Ceph¶
Contents
Node reboot¶
Disable rebalancing temporarily
$ ceph osd set noout noout is set $ ceph osd set norebalance norebalance is set $ ceph -s cluster: id: xxx health: HEALTH_WARN noout,norebalance flag(s) set [...]
Reboot the node
$ sudo reboot
When the reboot is complete enable cluster rebalancing again
$ ceph osd unset noout noout is unset $ ceph osd unset norebalance norebalance is unset $ ceph -s cluster: id: xxx health: HEALTH_OK [...]
Cluster start and stop¶
http://docs.ceph.com/docs/mimic/rados/operations/operating/#running-ceph-with-systemd
https://www.openattic.org/posts/how-to-do-a-ceph-cluster-maintenanceshutdown/
Stop¶
Ensure that any services/clients using Ceph are stopped and that the cluster is in a healthy state.
Set OSD flags
$ ceph osd set noout $ ceph osd set nobackfill $ ceph osd set norecover $ ceph osd set norebalance $ ceph osd set nodown $ ceph osd set pause
$ ceph -s cluster: [...] health: HEALTH_WARN pauserd,pausewr,nodown,noout,nobackfill,norebalance,norecover flag(s) set services: [...] osd: x osds: y up, z in flags pauserd,pausewr,nodown,noout,nobackfill,norebalance,norecover
Stop the management services (manager, mds, ..) (node by node)
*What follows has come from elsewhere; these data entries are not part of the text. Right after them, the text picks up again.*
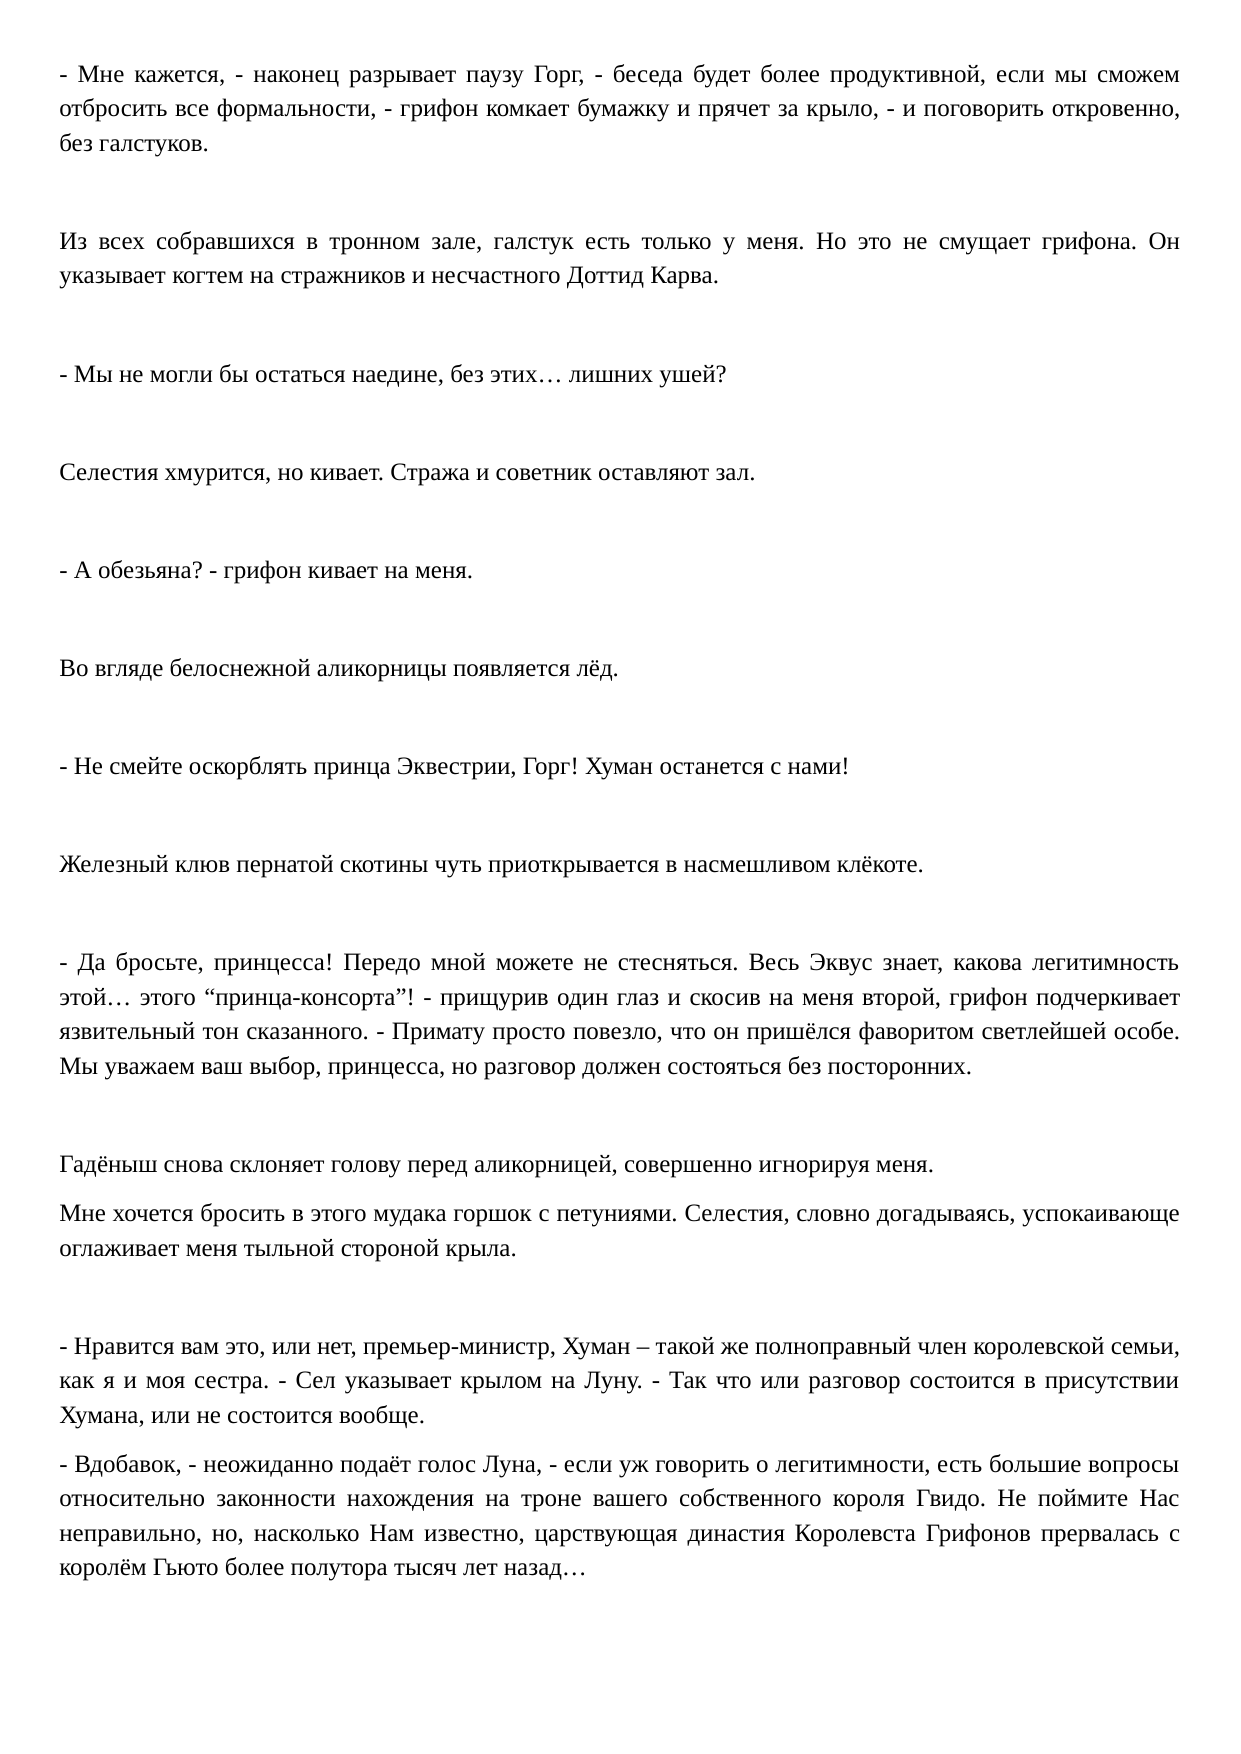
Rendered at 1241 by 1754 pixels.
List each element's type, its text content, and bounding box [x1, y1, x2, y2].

text - А обезьяна? - грифон кивает на меня. [59, 555, 1181, 584]
text - Нравится вам это, или нет, премьер-министр, Хуман – такой же полноправный член королевской семьи, как я и моя сестра. - Сел указывает крылом на Луну. - Так что или разговор состоится в присутствии Хумана, или не состоится вообще. [59, 1331, 1181, 1428]
text Во вгляде белоснежной аликорницы появляется лёд. [59, 653, 1181, 682]
text Селестия хмурится, но кивает. Стража и советник оставляют зал. [59, 457, 1181, 486]
text Мне хочется бросить в этого мудака горшок с петуниями. Селестия, словно догадываясь, успокаивающе оглаживает меня тыльной стороной крыла. [59, 1198, 1181, 1261]
text - Вдобавок, - неожиданно подаёт голос Луна, - если уж говорить о легитимности, есть большие вопросы относительно законности нахождения на троне вашего собственного короля Гвидо. Не поймите Нас неправильно, но, насколько Нам известно, царствующая династия Королевста Грифонов прервалась с королём Гьюто более полутора тысяч лет назад… [59, 1449, 1181, 1581]
text Гадёныш снова склоняет голову перед аликорницей, совершенно игнорируя меня. [59, 1149, 1181, 1178]
text Железный клюв пернатой скотины чуть приоткрывается в насмешливом клёкоте. [59, 849, 1181, 878]
text - Мне кажется, - наконец разрывает паузу Горг, - беседа будет более продуктивной, если мы сможем отбросить все формальности, - грифон комкает бумажку и прячет за крыло, - и поговорить откровенно, без галстуков. [59, 59, 1181, 157]
text - Мы не могли бы остаться наедине, без этих… лишних ушей? [59, 359, 1181, 387]
text - Да бросьте, принцесса! Передо мной можете не стесняться. Весь Эквус знает, какова легитимность этой… этого “принца-консорта”! - прищурив один глаз и скосив на меня второй, грифон подчеркивает язвительный тон сказанного. - Примату просто повезло, что он пришёлся фаворитом светлейшей особе. Мы уважаем ваш выбор, принцесса, но разговор должен состояться без посторонних. [59, 947, 1181, 1080]
text - Не смейте оскорблять принца Эквестрии, Горг! Хуман останется с нами! [59, 751, 1181, 780]
text Из всех собравшихся в тронном зале, галстук есть только у меня. Но это не смущает грифона. Он указывает когтем на стражников и несчастного Доттид Карва. [59, 226, 1181, 289]

$ sudo systemctl stop ceph-mgr\*.service
Stop the osd services (node by node)
$ sudo systemctl stop ceph-osd\*.service
Stop the monitor service (node by node)
$ sudo systemctl stop ceph-mon\*.service
Start¶
Start the monitor services (node by node)
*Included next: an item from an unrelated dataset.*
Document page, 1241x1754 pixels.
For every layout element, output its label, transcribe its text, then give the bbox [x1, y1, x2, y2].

$ sudo systemctl start ceph-mon\*.service
Start the osd services (node by node)
$ systemctl start ceph-osd@DEVICE.service
Start the management services (manager, mds, ..) (node by node)
$ sudo systemctl start ceph-mgr\*.service
Unset OSD flags
$ ceph osd unset pause $ ceph osd unset nodown $ ceph osd unset norebalance $ ceph osd unset norecover $ ceph osd unset nobackfill $ ceph osd unset noout
Check¶
$ sudo systemctl status ceph\*.service
$ ceph -s
cluster:
id: x
health: HEALTH_OK
services:
mon: 3 daemons, quorum A,B,C
mgr: A(active), standbys: B, C
mds: cephfs-0/0/1 up
osd: x osds: y up, z in
data:
pools: 7 pools, 176 pgs
objects: 2816 objects, 18856 MB
usage: 69132 MB used, 44643 GB / 44711 GB avail
pgs: 176 active+clean
Deep scrub distribution¶
Distribution per weekday:
$ for date in $(ceph pg dump | grep active | awk '{ print $20 })'; do date +%A -d $date; done | sort | uniq -c
Distribution per hours:
$ for date in $(ceph pg dump | grep active | awk '{ print $21 }'); do date +%H -d $date; done | sort | uniq -c
Set the number of placement groups¶
$ ceph osd pool set {pool-name} pg_num {pg_num}
set pool x pg_num to {pg_num}
$ ceph osd pool set {pool-name} pgp_num {pgp_num}
set pool x pgp_num to {pgp_num}
The new number of PGs should also be updated in environments/ceph/configuration.yml
.
1 pools have many more objects per pg than average¶
Set
mon pg warn max object skew = 0
$ ceph tell mon.* injectargs '--mon_pg_warn_max_object_skew 0'
Restart the active manager service
$ sudo systemctl restart ceph-mgr\*.service
environments/ceph/configuration.yml
##########################
# custom
ceph_conf_overrides:
global:
mon pg warn max object skew: 0
Logging¶
Ceph daemons are configured to log to the console instead of log files. OSDs are configured to log to MONs.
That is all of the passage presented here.